* **What this task involves**
Every picture is to be removed, and all the data is to be copied exactly.

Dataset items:
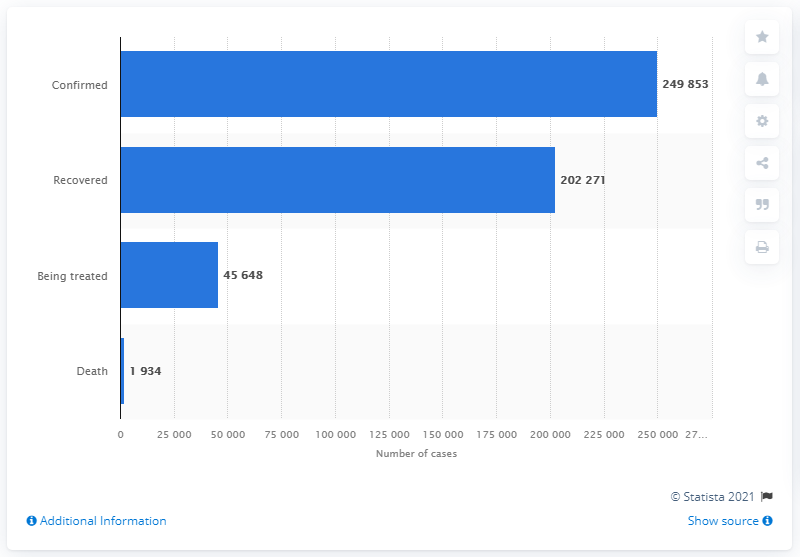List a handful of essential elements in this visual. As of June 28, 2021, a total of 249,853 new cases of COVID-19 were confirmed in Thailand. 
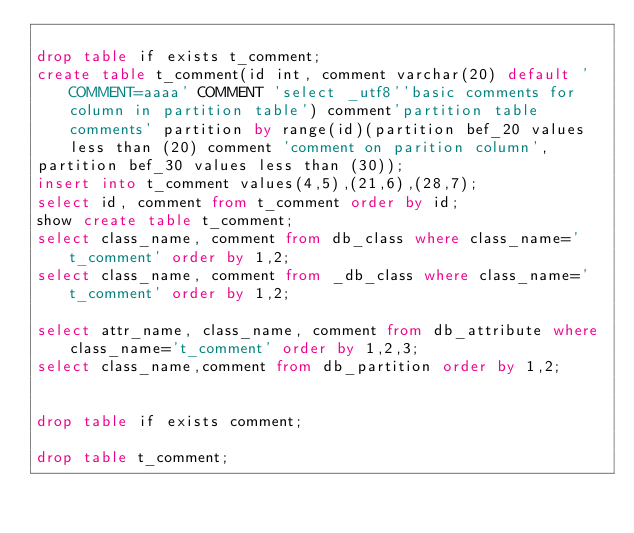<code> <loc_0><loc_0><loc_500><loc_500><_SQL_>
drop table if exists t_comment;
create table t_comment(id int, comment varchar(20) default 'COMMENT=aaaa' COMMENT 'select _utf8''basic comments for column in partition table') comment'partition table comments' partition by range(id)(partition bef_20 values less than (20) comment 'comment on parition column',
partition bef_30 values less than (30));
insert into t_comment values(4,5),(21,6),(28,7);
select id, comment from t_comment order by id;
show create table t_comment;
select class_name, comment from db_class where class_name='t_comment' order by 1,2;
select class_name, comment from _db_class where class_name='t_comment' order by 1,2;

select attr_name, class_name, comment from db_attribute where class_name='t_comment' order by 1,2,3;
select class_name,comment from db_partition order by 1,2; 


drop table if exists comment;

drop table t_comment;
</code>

* **Result for this task**
List a handful of essential elements in this visual. As of June 28, 2021, a total of 249,853 new cases of COVID-19 were confirmed in Thailand. 
<code> <loc_0><loc_0><loc_500><loc_500><_SQL_>
drop table if exists t_comment;
create table t_comment(id int, comment varchar(20) default 'COMMENT=aaaa' COMMENT 'select _utf8''basic comments for column in partition table') comment'partition table comments' partition by range(id)(partition bef_20 values less than (20) comment 'comment on parition column',
partition bef_30 values less than (30));
insert into t_comment values(4,5),(21,6),(28,7);
select id, comment from t_comment order by id;
show create table t_comment;
select class_name, comment from db_class where class_name='t_comment' order by 1,2;
select class_name, comment from _db_class where class_name='t_comment' order by 1,2;

select attr_name, class_name, comment from db_attribute where class_name='t_comment' order by 1,2,3;
select class_name,comment from db_partition order by 1,2; 


drop table if exists comment;

drop table t_comment;
</code>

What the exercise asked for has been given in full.